## TASK DETAILS
Your output should be the records below, word for word and picture-free.

________________

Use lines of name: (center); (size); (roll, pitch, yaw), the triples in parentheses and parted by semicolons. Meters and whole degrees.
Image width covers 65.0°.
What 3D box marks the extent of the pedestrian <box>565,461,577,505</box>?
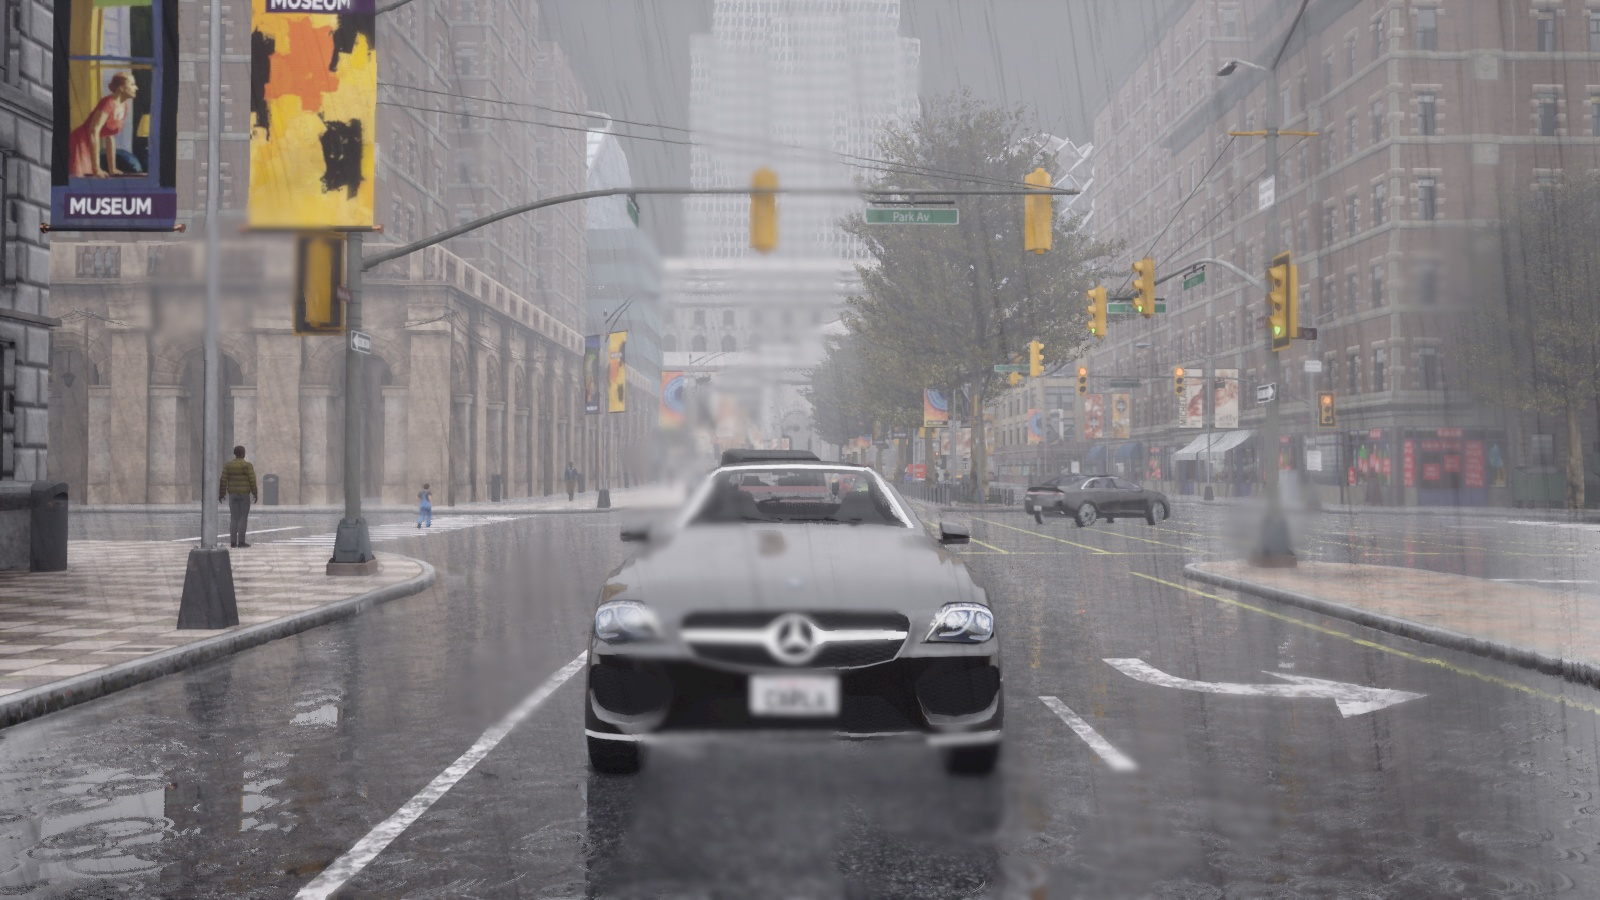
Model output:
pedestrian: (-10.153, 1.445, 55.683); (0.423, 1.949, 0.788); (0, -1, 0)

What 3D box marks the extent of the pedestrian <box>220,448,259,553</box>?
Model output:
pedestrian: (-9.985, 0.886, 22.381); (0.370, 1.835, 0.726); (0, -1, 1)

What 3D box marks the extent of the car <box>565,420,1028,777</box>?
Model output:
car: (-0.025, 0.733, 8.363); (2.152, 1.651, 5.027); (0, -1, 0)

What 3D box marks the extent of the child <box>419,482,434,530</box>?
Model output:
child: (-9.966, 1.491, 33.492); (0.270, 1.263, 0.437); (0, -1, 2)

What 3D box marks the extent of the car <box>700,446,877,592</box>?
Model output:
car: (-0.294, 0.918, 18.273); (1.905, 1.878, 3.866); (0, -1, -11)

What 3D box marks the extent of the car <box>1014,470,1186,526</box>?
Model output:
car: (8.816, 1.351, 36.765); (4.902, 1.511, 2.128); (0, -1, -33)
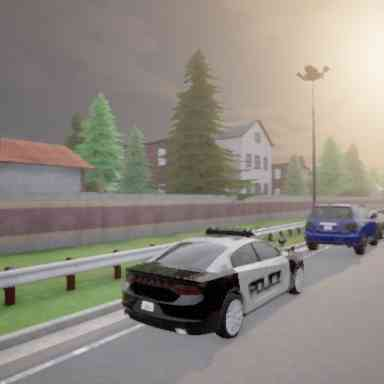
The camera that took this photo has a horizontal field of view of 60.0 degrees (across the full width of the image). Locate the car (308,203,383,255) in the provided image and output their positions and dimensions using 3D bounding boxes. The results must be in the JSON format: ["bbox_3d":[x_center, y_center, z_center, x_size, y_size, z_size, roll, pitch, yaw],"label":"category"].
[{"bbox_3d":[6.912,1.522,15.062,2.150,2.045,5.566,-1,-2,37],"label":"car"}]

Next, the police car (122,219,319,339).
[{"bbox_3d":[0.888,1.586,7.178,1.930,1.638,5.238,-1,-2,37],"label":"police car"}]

________________

## EXERCISE RESPONSE
Use lines of name: (center); (size); (roll, pitch, yaw), the triples in parentheses and parted by semicolons. Meters and whole degrees.
Image width covers 65.0°.
What 3D box marks the extent of the pedestrian <box>565,461,577,505</box>?
Model output:
pedestrian: (-10.153, 1.445, 55.683); (0.423, 1.949, 0.788); (0, -1, 0)

What 3D box marks the extent of the pedestrian <box>220,448,259,553</box>?
Model output:
pedestrian: (-9.985, 0.886, 22.381); (0.370, 1.835, 0.726); (0, -1, 1)

What 3D box marks the extent of the car <box>565,420,1028,777</box>?
Model output:
car: (-0.025, 0.733, 8.363); (2.152, 1.651, 5.027); (0, -1, 0)

What 3D box marks the extent of the child <box>419,482,434,530</box>?
Model output:
child: (-9.966, 1.491, 33.492); (0.270, 1.263, 0.437); (0, -1, 2)

What 3D box marks the extent of the car <box>700,446,877,592</box>?
Model output:
car: (-0.294, 0.918, 18.273); (1.905, 1.878, 3.866); (0, -1, -11)

What 3D box marks the extent of the car <box>1014,470,1186,526</box>?
Model output:
car: (8.816, 1.351, 36.765); (4.902, 1.511, 2.128); (0, -1, -33)
The camera that took this photo has a horizontal field of view of 60.0 degrees (across the full width of the image). Locate the car (308,203,383,255) in the provided image and output their positions and dimensions using 3D bounding boxes. The results must be in the JSON format: ["bbox_3d":[x_center, y_center, z_center, x_size, y_size, z_size, roll, pitch, yaw],"label":"category"].
[{"bbox_3d":[6.912,1.522,15.062,2.150,2.045,5.566,-1,-2,37],"label":"car"}]

Next, the police car (122,219,319,339).
[{"bbox_3d":[0.888,1.586,7.178,1.930,1.638,5.238,-1,-2,37],"label":"police car"}]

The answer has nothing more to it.